Plug it in, here and there

Slowing down calendar aging is one reason why you need to put at least some energy into the pack—back up to around 50 percent SOC, ideally—if an EV sits for too long. How long is too long? That depends on who you ask.

For example, the owner’s manual for the 2018 Honda Clarity Electric says that, “At least once every three months, recharge the High Voltage battery.” But Honda’s Harty is unintentionally doing his own experiment to see how accurate that warning is. He owns a Clarity Electric that has been sitting in long-term storage at American Honda for about three months, because he’s been driving a Fit EV as part of the controlled charging experiment called SmartCharge.

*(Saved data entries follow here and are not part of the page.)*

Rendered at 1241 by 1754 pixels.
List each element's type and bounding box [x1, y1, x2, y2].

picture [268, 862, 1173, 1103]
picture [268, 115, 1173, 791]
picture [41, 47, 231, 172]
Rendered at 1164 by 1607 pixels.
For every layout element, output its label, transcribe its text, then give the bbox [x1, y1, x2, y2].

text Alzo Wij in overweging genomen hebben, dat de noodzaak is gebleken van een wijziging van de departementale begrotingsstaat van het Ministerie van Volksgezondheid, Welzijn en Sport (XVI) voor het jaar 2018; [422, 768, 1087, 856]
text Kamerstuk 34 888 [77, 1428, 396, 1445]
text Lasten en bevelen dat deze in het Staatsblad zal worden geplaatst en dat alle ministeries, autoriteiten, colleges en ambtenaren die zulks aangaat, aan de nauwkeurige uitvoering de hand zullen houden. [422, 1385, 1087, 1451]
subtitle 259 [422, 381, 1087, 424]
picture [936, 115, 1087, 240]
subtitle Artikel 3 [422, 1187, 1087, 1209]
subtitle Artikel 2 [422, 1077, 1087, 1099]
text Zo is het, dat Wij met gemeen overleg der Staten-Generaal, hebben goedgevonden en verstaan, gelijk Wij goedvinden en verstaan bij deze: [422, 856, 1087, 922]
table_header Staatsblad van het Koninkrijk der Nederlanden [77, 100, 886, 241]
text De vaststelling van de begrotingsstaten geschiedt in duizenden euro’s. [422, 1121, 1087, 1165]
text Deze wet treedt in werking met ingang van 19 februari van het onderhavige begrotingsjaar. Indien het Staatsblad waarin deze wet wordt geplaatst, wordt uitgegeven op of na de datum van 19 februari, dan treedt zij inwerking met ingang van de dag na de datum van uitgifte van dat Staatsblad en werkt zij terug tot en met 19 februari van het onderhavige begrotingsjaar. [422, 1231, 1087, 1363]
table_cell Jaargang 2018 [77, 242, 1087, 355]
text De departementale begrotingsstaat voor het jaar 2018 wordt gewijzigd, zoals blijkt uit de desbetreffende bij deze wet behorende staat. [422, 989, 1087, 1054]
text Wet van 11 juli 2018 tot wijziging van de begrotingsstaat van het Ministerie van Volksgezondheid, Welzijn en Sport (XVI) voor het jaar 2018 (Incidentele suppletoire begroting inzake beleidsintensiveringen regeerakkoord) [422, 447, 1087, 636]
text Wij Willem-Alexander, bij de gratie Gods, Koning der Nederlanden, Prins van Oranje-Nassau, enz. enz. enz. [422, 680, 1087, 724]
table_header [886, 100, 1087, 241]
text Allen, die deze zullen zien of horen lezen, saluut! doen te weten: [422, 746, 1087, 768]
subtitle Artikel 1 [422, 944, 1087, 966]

“I’ve got a little bit of discomfort where I don’t really know how the [Clarity] is doing and I can’t check it because the 12-volt is dead, and I can’t even go out and start it,” he said. “It’s going to take some work to start that car. I’m exactly living this situation, but for a self-inflicted reason.” His confidence in Honda’s battery tech means he doesn’t expect the Clarity Electric’s traction battery to give him any trouble until maybe six months are up. That’s not quite “barn find” territory, but give him time.